Part 2 amends the Wildlife (Northern Ireland) Order 1985, to ensure that species of wild birds found in or regularly visiting the UK, but not elsewhere in the EU, continue to be protected. Part 2 also includes a technical amendment to the Water (Northern Ireland) Order 1999. The change will ensure the operability of two powers within the order, to give effect to retained EU obligations.
Part 3 is the main focus of the regulation and amends the Conservation (Natural Habitats, etc.) Regulations (Northern Ireland) 1995. The 1995 regulations, together with the Wildlife (Amendment) (Northern Ireland) Order 1995, transposed the requirements of the habitats directive and the wild birds directive into Northern Ireland law. Various terms in the regulations or the directives that relate to the EU are amended to be relevant to the UK. For example, the instrument removes references to the UK as an EU member state. The instrument introduces five main changes, mainly involving a transfer of functions from the European Commission to Ministers.
Sites designated in the United Kingdom under the nature directives are part of the EU’s Natura 2000 network. Those sites are the EU’s contribution to the Emerald network, established by the Council of Europe to fulfil the Bern convention. Those sites will now form a national site network and will continue to fulfil the UK’s international biodiversity obligations. Any such area that is currently part of the Natura 2000 network will continue automatically to be part of the Emerald network on leaving the European Union.
New regulations set out by the Northern Ireland Department of Agriculture, Environment and Rural Affairs make it its responsibility to manage and, where necessary, adapt the national site network in co-operation with other authorities. The network’s management objectives look to secure compliance with the aims of the habitats directive and the wild birds directive as retained EU law.
On the designation of special areas of conservation, functions currently undertaken by the European Commission are being transferred to DAERA, which will assess any new special areas of conservation designation proposals, acting on advice from the Joint Nature Conservation Committee using existing criteria.

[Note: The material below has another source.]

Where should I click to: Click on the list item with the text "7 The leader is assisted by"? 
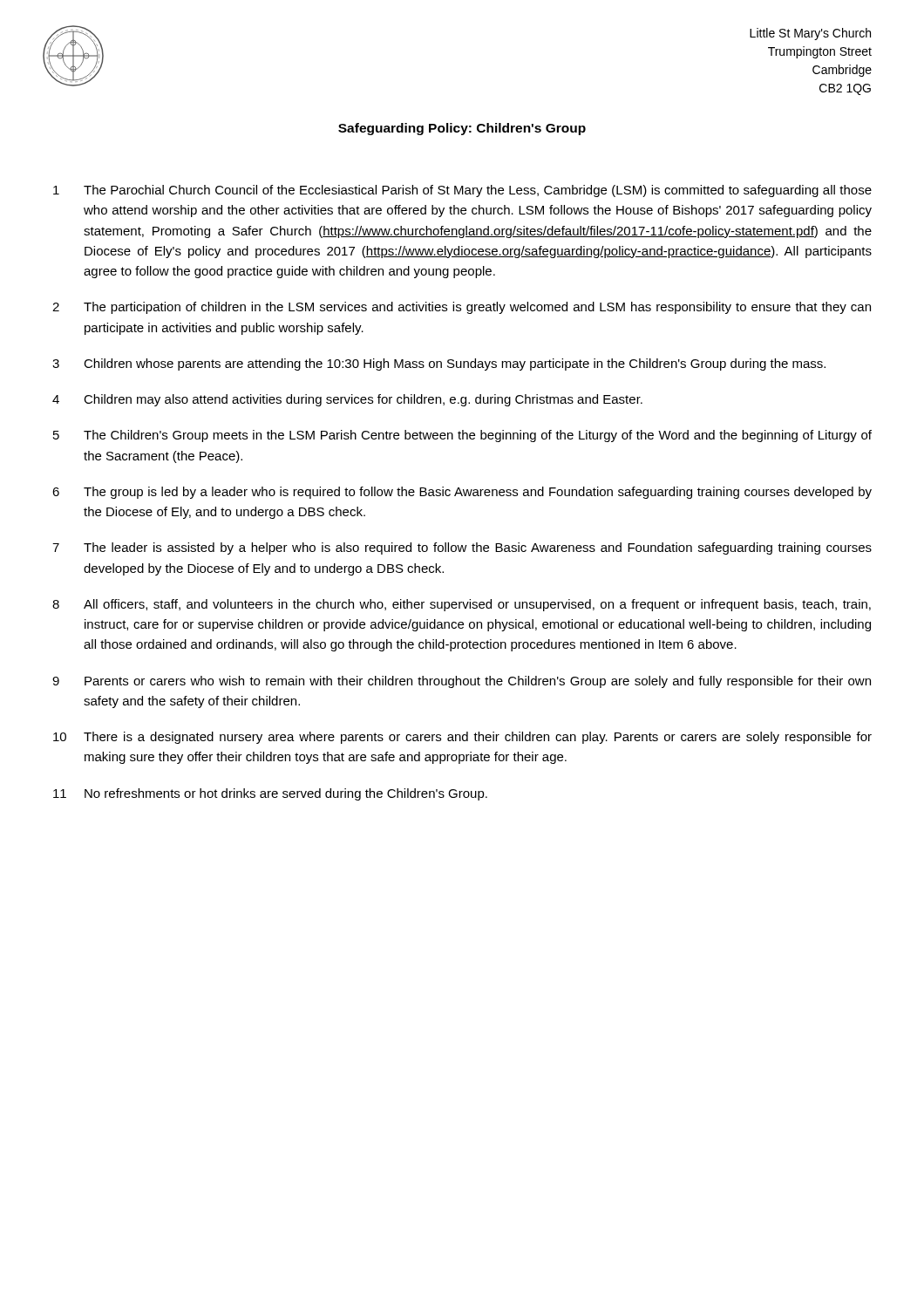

Regarding IROPI, which stands for imperative reasons of overriding public interest, this instrument transfers the role of the European Commission in being able to offer an opinion to local decision makers such as local planning authorities to DAERA. The opinion concerns whether imperative reasons of overriding public interest may apply in the granting of a planning application for a proposal that might adversely affect priority habitats where there is no feasible alternative. In doing so, DAERA would need to take account of the national interest and consult widely, including the UK Government, other devolved Administrations and the Joint Nature Conservation Committee. I should point out that it is my understanding that IROPI has never been deployed in relation to priority features regarding planning proposals anywhere in the UK, such that no final dossier has been submitted to the European Commission for an opinion.

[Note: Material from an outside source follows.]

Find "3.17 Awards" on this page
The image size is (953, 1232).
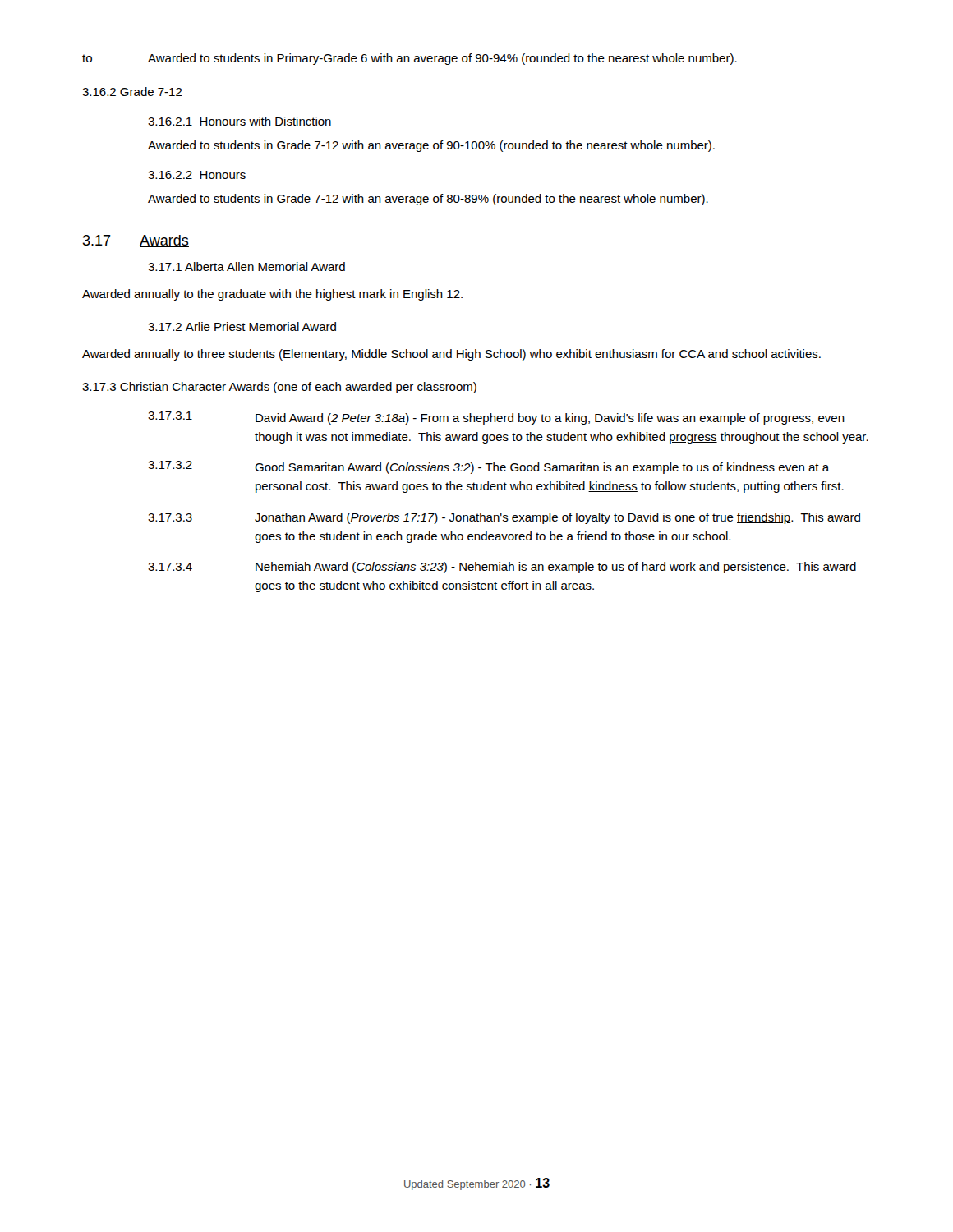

Turning to amendments to annexes and schedules, a new instrument-making power allows DAERA to make amendments to the annexes and schedules as required to reflect technical and scientific progress. DAERA will set out in guidance the means by which expert input is sought, including from statutory advisers, before making any amendment to the schedules and annexes. To ensure transparency and accountability of environmental performance, in line with current requirements, DAERA will report publicly on the implementation of the regulations within six years of the date of exit and every six years thereafter.

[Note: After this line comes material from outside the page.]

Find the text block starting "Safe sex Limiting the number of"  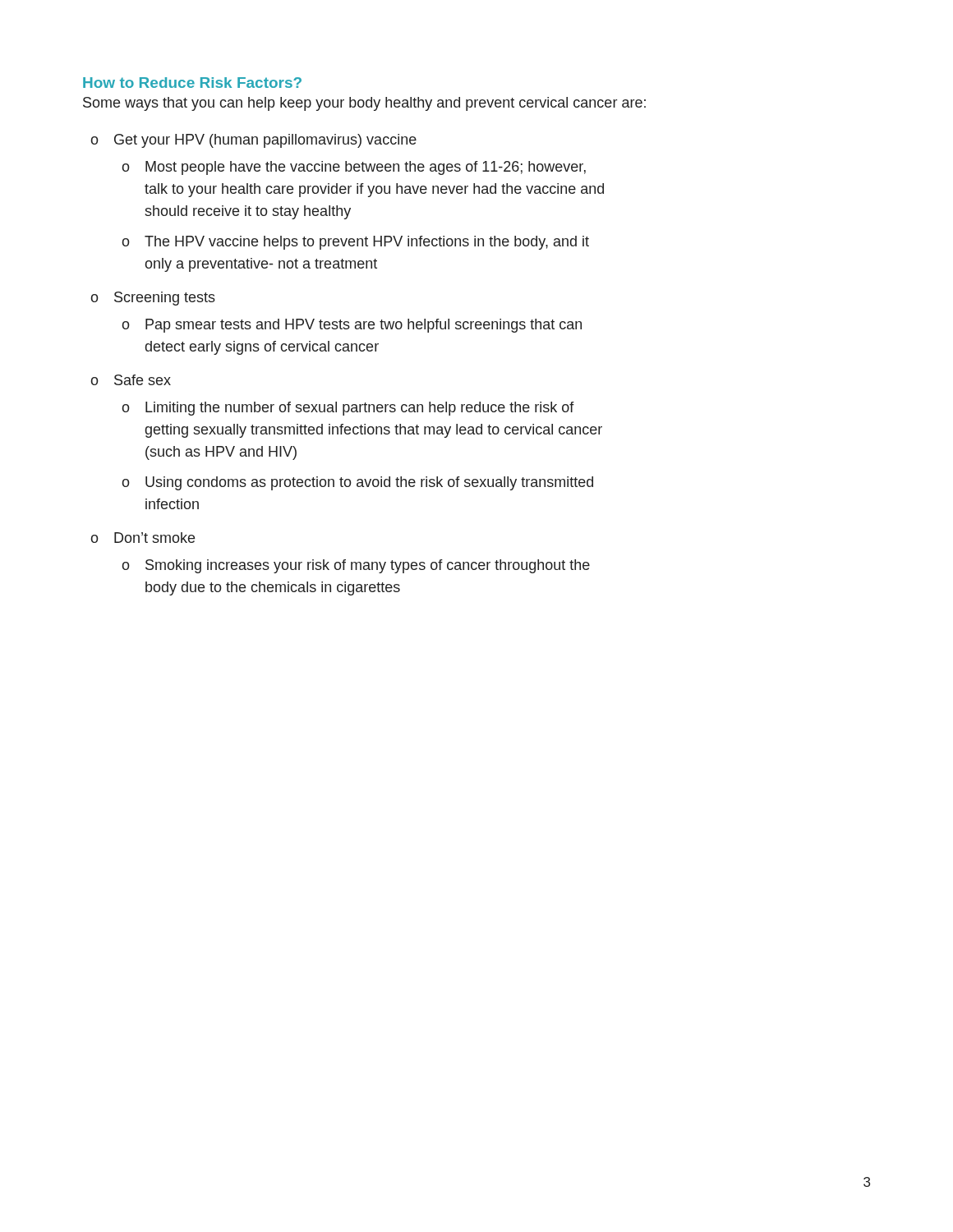(x=492, y=444)

The second set of regulations we are considering, namely the draft Environment (Miscellaneous Amendments) (Northern Ireland) (EU Exit) Regulations 2019, address failures of retained EU law to operate effectively with regard to Northern Ireland environmental legislation, arising from the withdrawal of the United Kingdom from the European Union. Legislation amended by the regulations covers a wide range of environmental law in Northern Ireland, including the management of waste, producer responsibility, permitting and licensing, noise, environmental liability, air quality and genetically modified organisms.
The regulations amend six pieces of Northern Ireland primary legislation and two sets of regulations. Part 2 of the regulations makes amendments to the following Northern Ireland primary legislation: the Genetically Modified Organisms (Northern Ireland) Order 1991; the Industrial Pollution Control (Northern Ireland) Order 1997; the Waste and Contaminated Land (Northern Ireland) Order 1997; the Producer Responsibility Obligations (Northern Ireland) Order 1998; the Environment (Northern Ireland) Order 2002 and the Environmental Better Regulation Act (Northern Ireland) 2016.
Part 3 of the regulations sets out amendments to the Environmental Noise Regulations (Northern Ireland) 2006 and the Liability (Prevention and Remediation) Regulations (Northern Ireland) 2009. Part 4 of the regulations makes savings in respect of the amendments made to the Environment (Northern Ireland) Order 2002 by this instrument.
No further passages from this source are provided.